Moral Deduction.--The difference between soil and society is
evident. We bury decay in the earth; we plant in it the perishing;
we feed it with offensive refuse: but nothing grows out of it that is
not clean; it gives us back life and beauty for our rubbish. Society
returns us what we give it.

Pretending to reflect upon these things, but in reality watching the
blue-jays, who are pecking at the purple berries of the woodbine on
the south gable, I approach the house. Polly is picking up chestnuts
on the sward, regardless of the high wind which rattles them about
her head and upon the glass roof of her winter-garden. The garden, I
see, is filled with thrifty plants, which will make it always summer
there. The callas about the fountain will be in flower by Christmas:
the plant appears to keep that holiday in her secret heart all
summer. I close the outer windows as we go along, and congratulate
myself that we are ready for winter. For the winter-garden I have no
responsibility: Polly has entire charge of it. I am only required to
keep it heated, and not too hot either; to smoke it often for the
death of the bugs; to water it once a day; to move this and that into
the sun and out of the sun pretty constantly: but she does all the
work. We never relinquish that theory.

As we pass around the house, I discover a boy in the ravine filling a
bag with chestnuts and hickorynuts. They are not plenty this year;
and I suggest the propriety of leaving some for us. The boy is a
little slow to take the idea: but he has apparently found the picking
poor, and exhausted it; for, as he turns away down the glen, he hails
me with,

"Mister, I say, can you tell me where I can find some walnuts?"

The coolness of this world grows upon me. It is time to go in and
light a wood-fire on the hearth.






CALVIN




NOTE.--The following brief Memoir of one of the characters in
this book is added by his friend, in the hope that the record
of an exemplary fife in an humble sphere may be of some service
to the world.

HARTFORD, January, 1880.




CALVIN

A STUDY OF CHARACTER


Calvin is dead.
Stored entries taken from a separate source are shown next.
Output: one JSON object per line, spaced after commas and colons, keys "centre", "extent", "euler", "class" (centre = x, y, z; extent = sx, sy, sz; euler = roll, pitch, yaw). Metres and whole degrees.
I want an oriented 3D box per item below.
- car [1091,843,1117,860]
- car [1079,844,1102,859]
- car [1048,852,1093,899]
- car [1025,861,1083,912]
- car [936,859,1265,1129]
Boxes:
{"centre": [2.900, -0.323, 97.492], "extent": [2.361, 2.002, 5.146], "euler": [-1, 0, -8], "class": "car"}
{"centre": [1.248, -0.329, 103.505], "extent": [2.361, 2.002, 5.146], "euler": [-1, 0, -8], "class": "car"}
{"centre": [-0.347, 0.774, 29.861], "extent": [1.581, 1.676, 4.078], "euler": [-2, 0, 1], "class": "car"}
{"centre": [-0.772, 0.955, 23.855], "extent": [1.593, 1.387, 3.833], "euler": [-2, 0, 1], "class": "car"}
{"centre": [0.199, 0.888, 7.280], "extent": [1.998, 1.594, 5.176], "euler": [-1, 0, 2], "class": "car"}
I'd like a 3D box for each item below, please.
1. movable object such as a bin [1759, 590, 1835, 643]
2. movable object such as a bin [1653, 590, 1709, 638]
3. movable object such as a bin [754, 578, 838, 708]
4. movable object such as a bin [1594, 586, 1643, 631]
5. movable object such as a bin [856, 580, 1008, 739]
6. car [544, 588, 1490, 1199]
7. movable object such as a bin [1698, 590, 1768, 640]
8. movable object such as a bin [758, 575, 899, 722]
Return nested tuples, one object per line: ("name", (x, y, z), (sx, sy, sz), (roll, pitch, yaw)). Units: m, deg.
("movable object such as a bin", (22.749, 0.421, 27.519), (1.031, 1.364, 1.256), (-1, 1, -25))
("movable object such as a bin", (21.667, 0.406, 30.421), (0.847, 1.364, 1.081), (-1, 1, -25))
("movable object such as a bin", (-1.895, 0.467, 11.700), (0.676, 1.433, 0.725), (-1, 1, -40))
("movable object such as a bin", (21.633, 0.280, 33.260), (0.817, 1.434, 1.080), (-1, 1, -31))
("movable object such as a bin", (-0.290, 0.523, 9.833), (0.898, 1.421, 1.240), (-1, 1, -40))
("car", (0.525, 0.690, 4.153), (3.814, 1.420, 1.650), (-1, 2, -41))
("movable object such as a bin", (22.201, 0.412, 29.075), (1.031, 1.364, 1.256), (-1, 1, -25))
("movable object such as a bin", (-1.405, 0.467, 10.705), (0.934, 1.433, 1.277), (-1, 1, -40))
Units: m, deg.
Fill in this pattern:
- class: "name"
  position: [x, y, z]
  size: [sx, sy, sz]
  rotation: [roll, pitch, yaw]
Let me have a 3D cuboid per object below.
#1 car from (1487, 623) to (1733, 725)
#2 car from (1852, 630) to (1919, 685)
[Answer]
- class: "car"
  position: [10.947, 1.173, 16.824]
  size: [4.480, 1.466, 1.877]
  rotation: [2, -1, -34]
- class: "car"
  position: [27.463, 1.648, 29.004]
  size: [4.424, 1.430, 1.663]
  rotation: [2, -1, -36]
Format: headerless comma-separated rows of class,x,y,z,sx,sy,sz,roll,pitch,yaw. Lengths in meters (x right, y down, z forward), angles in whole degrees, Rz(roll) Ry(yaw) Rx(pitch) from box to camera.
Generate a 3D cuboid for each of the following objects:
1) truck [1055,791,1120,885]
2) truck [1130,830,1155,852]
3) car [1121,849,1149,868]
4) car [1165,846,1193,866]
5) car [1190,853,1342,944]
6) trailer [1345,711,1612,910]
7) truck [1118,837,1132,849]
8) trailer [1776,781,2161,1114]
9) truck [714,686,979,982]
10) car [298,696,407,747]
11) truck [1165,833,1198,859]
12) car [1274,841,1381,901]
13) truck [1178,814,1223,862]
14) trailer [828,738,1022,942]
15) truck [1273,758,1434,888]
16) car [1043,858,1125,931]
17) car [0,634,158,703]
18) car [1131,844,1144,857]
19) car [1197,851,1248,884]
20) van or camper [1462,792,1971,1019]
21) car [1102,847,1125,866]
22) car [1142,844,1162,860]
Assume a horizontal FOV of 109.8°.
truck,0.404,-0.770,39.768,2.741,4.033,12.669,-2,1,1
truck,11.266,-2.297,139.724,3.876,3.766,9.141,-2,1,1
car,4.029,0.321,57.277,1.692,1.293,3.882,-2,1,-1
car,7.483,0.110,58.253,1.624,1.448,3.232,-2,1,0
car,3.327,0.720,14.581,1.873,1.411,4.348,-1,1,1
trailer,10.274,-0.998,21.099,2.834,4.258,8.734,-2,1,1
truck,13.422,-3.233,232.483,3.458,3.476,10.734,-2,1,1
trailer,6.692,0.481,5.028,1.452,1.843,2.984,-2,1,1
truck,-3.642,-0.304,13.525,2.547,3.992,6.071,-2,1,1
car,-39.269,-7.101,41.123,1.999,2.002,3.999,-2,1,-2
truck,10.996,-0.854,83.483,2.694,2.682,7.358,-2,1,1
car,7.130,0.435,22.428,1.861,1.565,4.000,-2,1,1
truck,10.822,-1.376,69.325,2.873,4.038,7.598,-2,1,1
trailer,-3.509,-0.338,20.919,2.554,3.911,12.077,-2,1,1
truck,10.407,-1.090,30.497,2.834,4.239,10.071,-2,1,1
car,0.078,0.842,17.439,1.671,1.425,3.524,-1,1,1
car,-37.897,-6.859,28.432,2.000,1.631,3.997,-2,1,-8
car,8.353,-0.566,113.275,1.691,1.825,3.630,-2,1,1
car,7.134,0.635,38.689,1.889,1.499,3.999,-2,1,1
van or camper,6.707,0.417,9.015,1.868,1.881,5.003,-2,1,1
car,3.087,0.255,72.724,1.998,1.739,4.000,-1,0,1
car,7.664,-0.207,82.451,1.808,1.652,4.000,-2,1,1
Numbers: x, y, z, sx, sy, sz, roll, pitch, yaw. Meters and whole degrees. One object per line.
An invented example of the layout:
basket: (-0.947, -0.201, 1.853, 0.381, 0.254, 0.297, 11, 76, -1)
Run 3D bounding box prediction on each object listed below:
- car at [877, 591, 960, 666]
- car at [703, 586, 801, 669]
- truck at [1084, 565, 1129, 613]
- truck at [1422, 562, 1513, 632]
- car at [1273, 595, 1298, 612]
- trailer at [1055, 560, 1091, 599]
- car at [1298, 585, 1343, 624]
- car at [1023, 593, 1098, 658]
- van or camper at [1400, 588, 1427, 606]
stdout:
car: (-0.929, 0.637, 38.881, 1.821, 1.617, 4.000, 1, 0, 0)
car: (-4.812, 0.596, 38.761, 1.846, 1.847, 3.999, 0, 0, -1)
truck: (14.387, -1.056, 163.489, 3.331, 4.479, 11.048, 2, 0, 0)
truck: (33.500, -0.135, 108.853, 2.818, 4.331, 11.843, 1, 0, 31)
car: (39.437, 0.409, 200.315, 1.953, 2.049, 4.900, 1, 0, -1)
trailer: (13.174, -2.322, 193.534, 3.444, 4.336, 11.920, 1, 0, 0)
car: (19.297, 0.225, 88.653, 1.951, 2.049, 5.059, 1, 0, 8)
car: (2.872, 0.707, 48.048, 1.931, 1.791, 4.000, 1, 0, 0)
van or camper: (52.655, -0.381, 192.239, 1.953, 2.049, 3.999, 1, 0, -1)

His life, long to him, but short for the rest of us,
was not marked by startling adventures, but his character was so
uncommon and his qualities were so worthy of imitation, that I have
been asked by those who personally knew him to set down my
recollections of his career.

His origin and ancestry were shrouded in mystery; even his age was a
matter of pure conjecture. Although he was of the Maltese race, I
have reason to suppose that he was American by birth as he certainly
was in sympathy. Calvin was given to me eight years ago by Mrs.
Stowe, but she knew nothing of his age or origin. He walked into her
house one day out of the great unknown and became at once at home, as
if he had been always a friend of the family. He appeared to have
artistic and literary tastes, and it was as if he had inquired at the
door if that was the residence of the author of "Uncle Tom's Cabin,"
and, upon being assured that it was, bad decided to dwell there.
This is, of course, fanciful, for his antecedents were wholly
unknown, but in his time he could hardly have been in any household
where he would not have heard "Uncle Tom's Cabin" talked about. When
he came to Mrs. Stowe, he was as large as he ever was, and
apparently as old as he ever became. Yet there was in him no
appearance of age; he was in the happy maturity of all his powers,
and you would rather have said that in that maturity he had found the
secret of perpetual youth. And it was as difficult to believe that
he would ever be aged as it was to imagine that he had ever been in
immature youth. There was in him a mysterious perpetuity.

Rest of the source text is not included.